Excerpts from a dataset

[Start of Attachment]

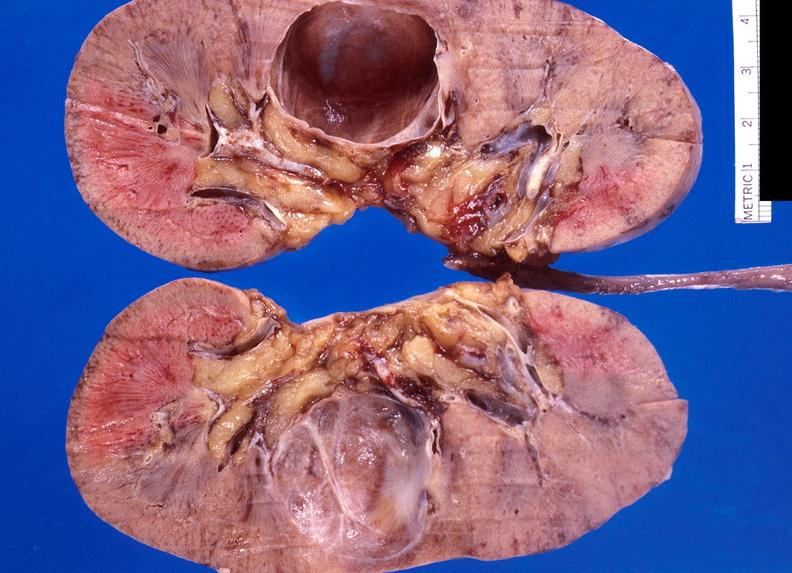where is this?
Answer the question using a single word or phrase. Urinary 
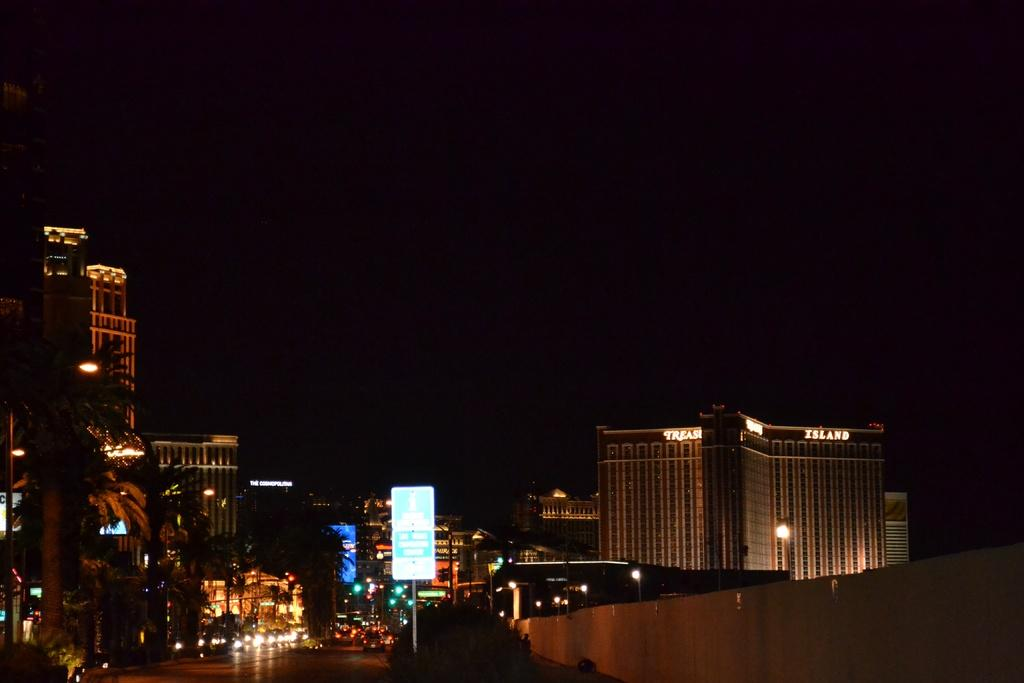What type of natural elements can be seen at the bottom of the image? There are trees at the bottom of the image. What man-made structures are present at the bottom of the image? There are sign boards, buildings, and vehicles at the bottom of the image. What type of powder can be seen falling from the sky in the image? There is no powder falling from the sky in the image. What causes the vehicles to stop in the image? The image does not show any vehicles stopping, nor does it provide information about why they might stop. 
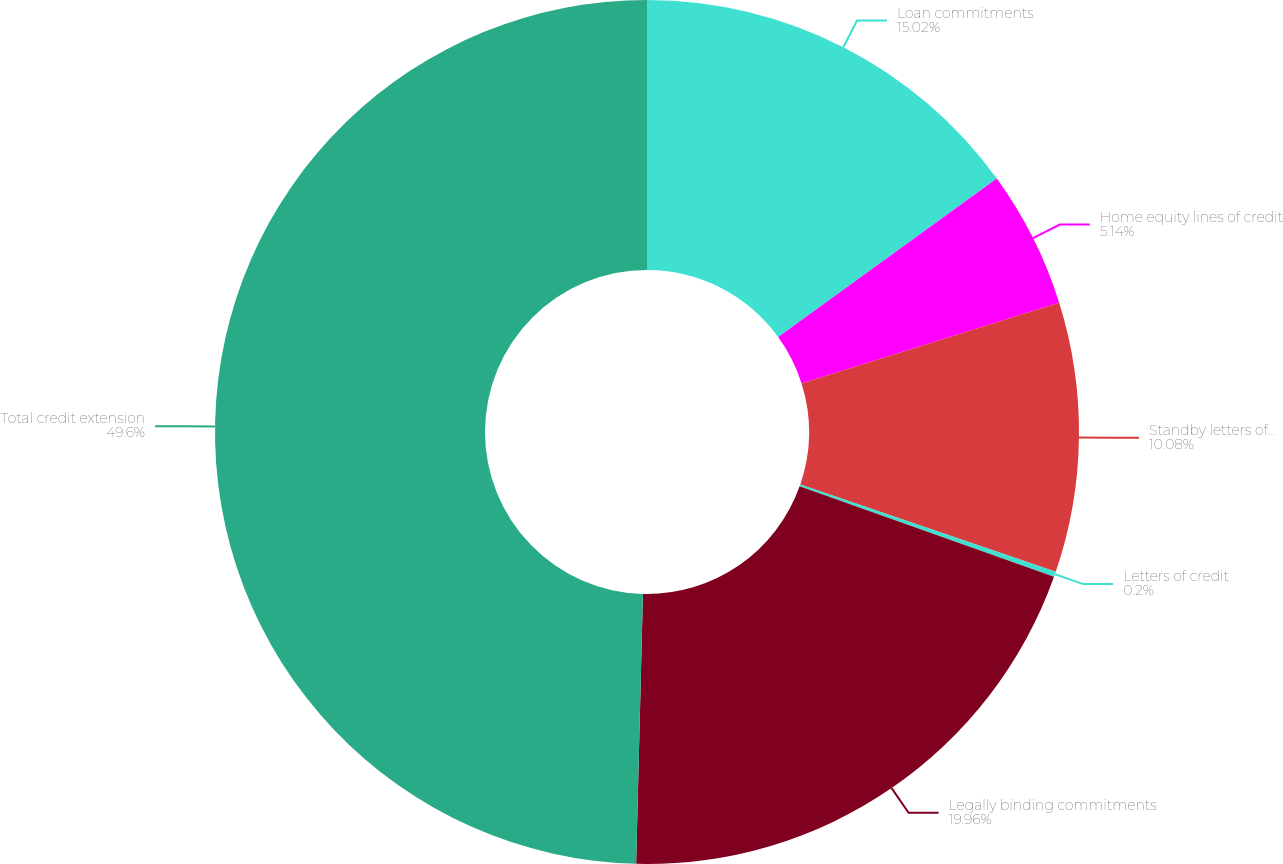Convert chart. <chart><loc_0><loc_0><loc_500><loc_500><pie_chart><fcel>Loan commitments<fcel>Home equity lines of credit<fcel>Standby letters of credit and<fcel>Letters of credit<fcel>Legally binding commitments<fcel>Total credit extension<nl><fcel>15.02%<fcel>5.14%<fcel>10.08%<fcel>0.2%<fcel>19.96%<fcel>49.6%<nl></chart> 
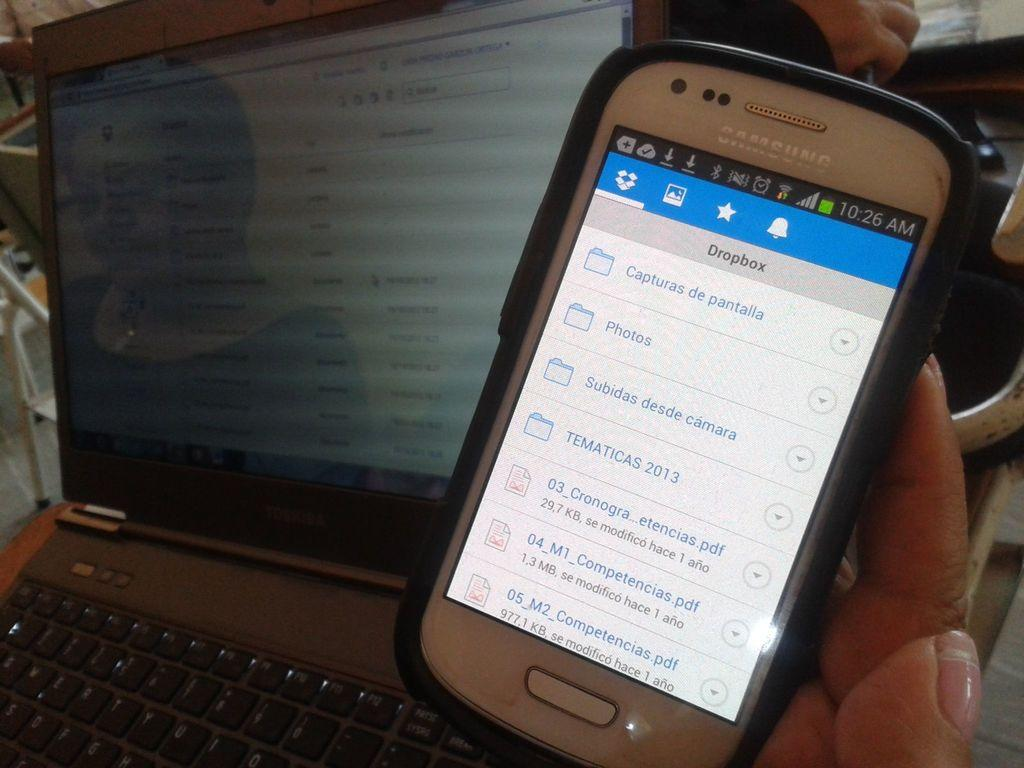<image>
Describe the image concisely. Someone holding a cellphone looking at their Dropbox scren.

[End of Attachment]

TO DO: From the first line to the last, repeat the records exactly. Leave out the pictures.

OUTPUT OF THE EXERCISE:
where is this?
Answer the question using a single word or phrase. Urinary 
What type of natural elements can be seen at the bottom of the image? There are trees at the bottom of the image. What man-made structures are present at the bottom of the image? There are sign boards, buildings, and vehicles at the bottom of the image. What type of powder can be seen falling from the sky in the image? There is no powder falling from the sky in the image. What causes the vehicles to stop in the image? The image does not show any vehicles stopping, nor does it provide information about why they might stop. 
Convert chart. <chart><loc_0><loc_0><loc_500><loc_500><pie_chart><fcel>Loan commitments<fcel>Home equity lines of credit<fcel>Standby letters of credit and<fcel>Letters of credit<fcel>Legally binding commitments<fcel>Total credit extension<nl><fcel>15.02%<fcel>5.14%<fcel>10.08%<fcel>0.2%<fcel>19.96%<fcel>49.6%<nl></chart> 
<image>
Describe the image concisely. Someone holding a cellphone looking at their Dropbox scren.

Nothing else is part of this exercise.